O Ministro Dias Toffoli faz parte do quadro societário, sendo a referida empresa administrada por parentes do Ministro. De acordo com a Lei Orgânica da Magistratura, no artigo 36 da Lei Complementar 35/1979, o magistrado pode integrar o quadro societário de empresas e dela receber dividendos, sendo-lhe apenas vedado praticar atos de gestão na qualidade de administrador.
A referida empresa foi integrante do grupo Tayaya Ribeirão Claro até 21 de fevereiro de 2025. A participação anteriormente existente foi integralmente encerrada por meio de duas operações sucessivas, sendo a primeira a venda de cotas ao Fundo Arllen, em 27 de setembro de 2021, e a segunda a alienação do saldo remanescente à empresa PHD Holding, em 21 de fevereiro de 2025.
Deve-se ressaltar que tudo foi devidamente declarado à Receita Federal do Brasil e que todas as vendas foram realizadas dentro de valor de mercado.

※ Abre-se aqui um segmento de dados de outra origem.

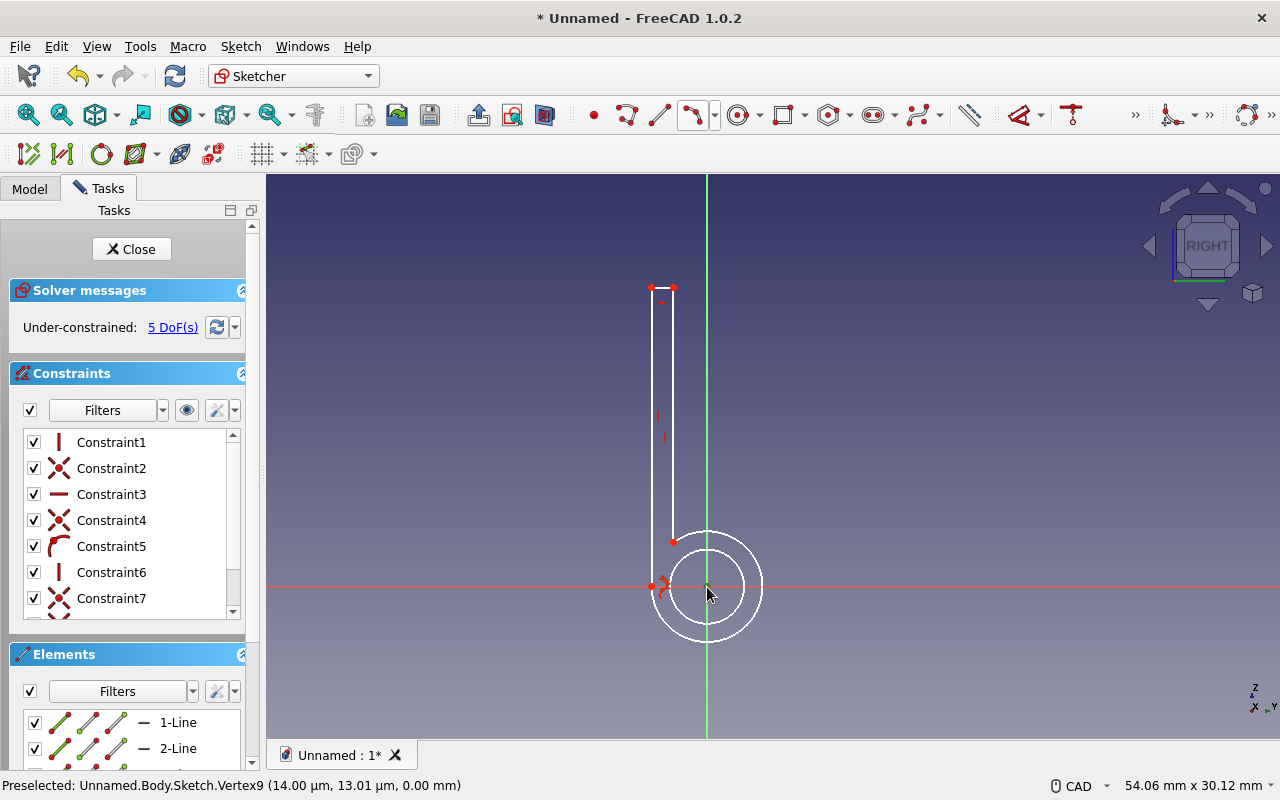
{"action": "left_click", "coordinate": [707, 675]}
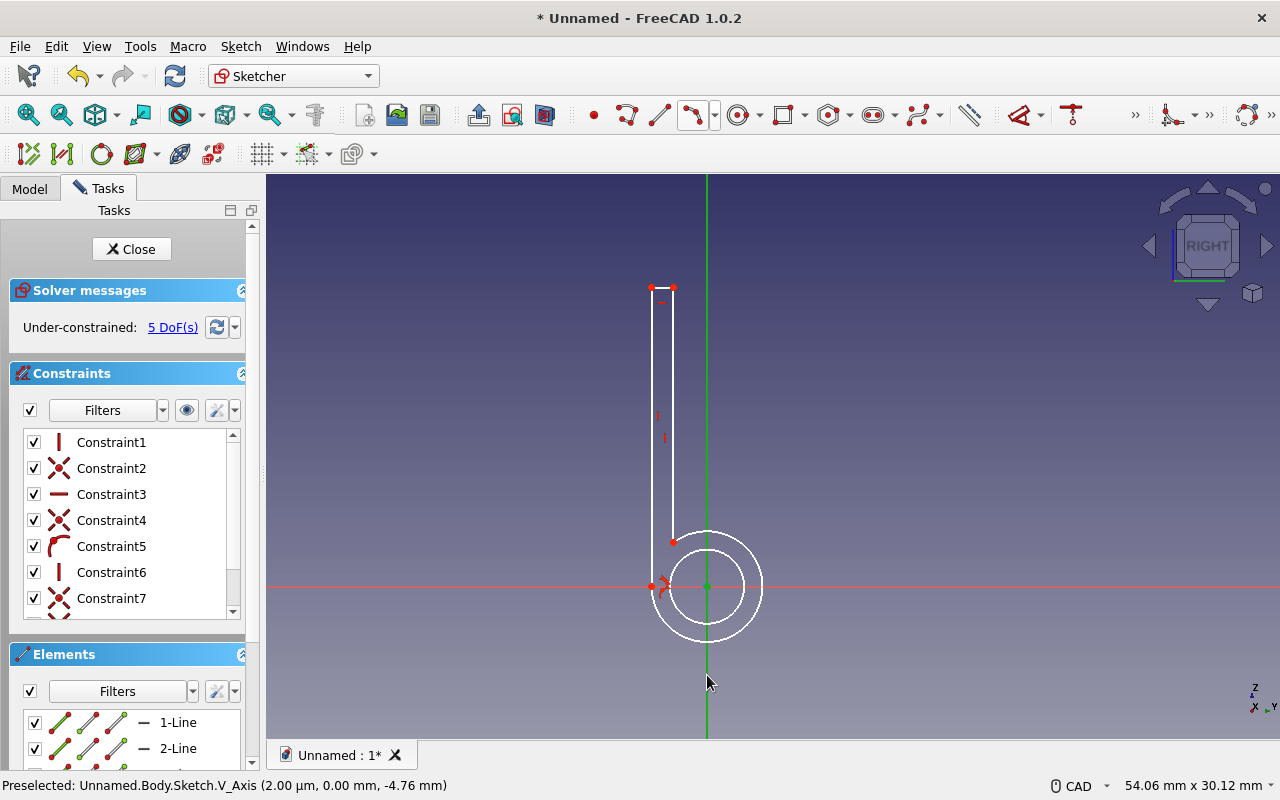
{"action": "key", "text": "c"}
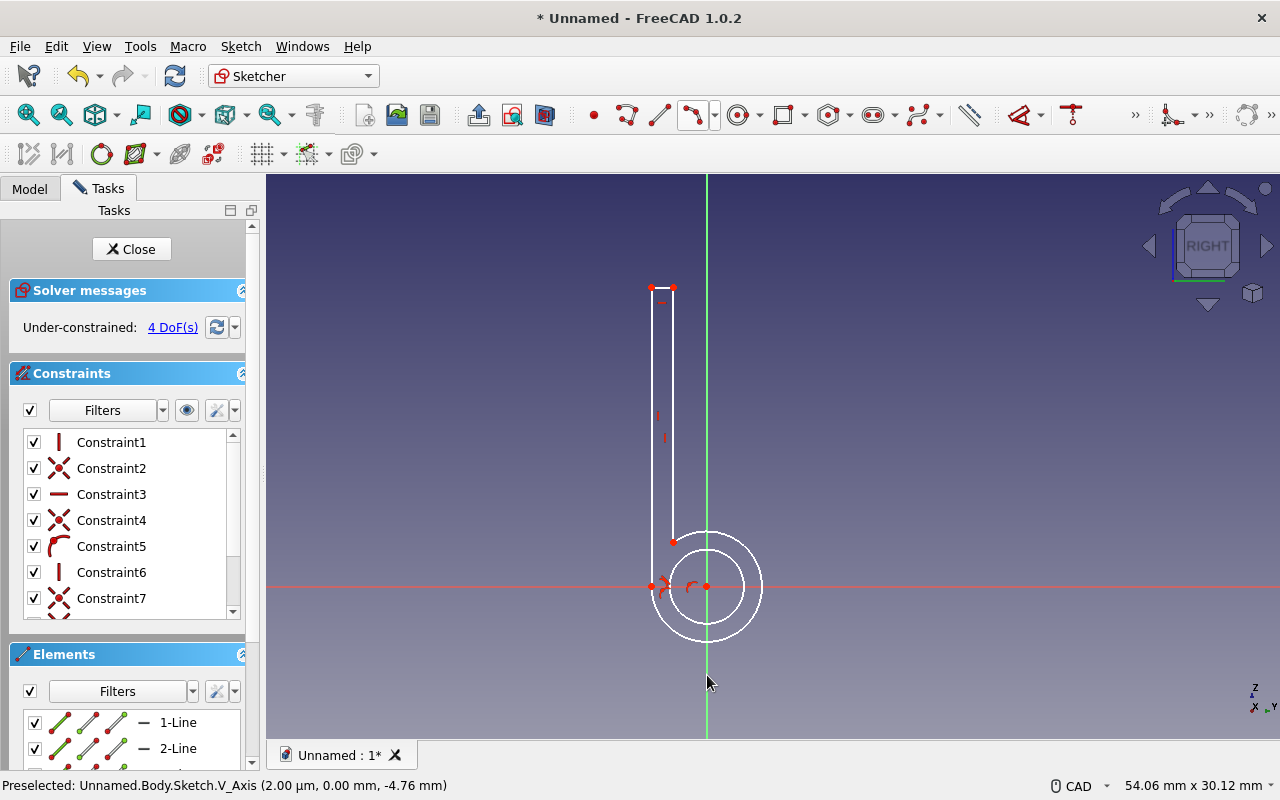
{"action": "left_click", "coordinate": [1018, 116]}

Todos os atos e informações da Maridt e de seus sócios estão devidamente declarados à Receita Federal do Brasil sem nenhuma restrição.
A ação referente à compra do Banco Master pelo BRB foi distribuída ao Ministro Dias Toffoli no dia 28 de novembro de 2025. Ou seja, quando há muito a Maridt não fazia mais parte do grupo Tayaya Ribeirão Claro.
Ademais, o Ministro desconhece o gestor do Fundo Arllen, bem como jamais teve qualquer relação de amizade e muito menos amizade íntima com o investigado Daniel Vorcaro. Por fim, o Ministro esclarece que jamais recebeu qualquer valor de Daniel Vorcaro ou de seu cunhado Fabiano Zettel.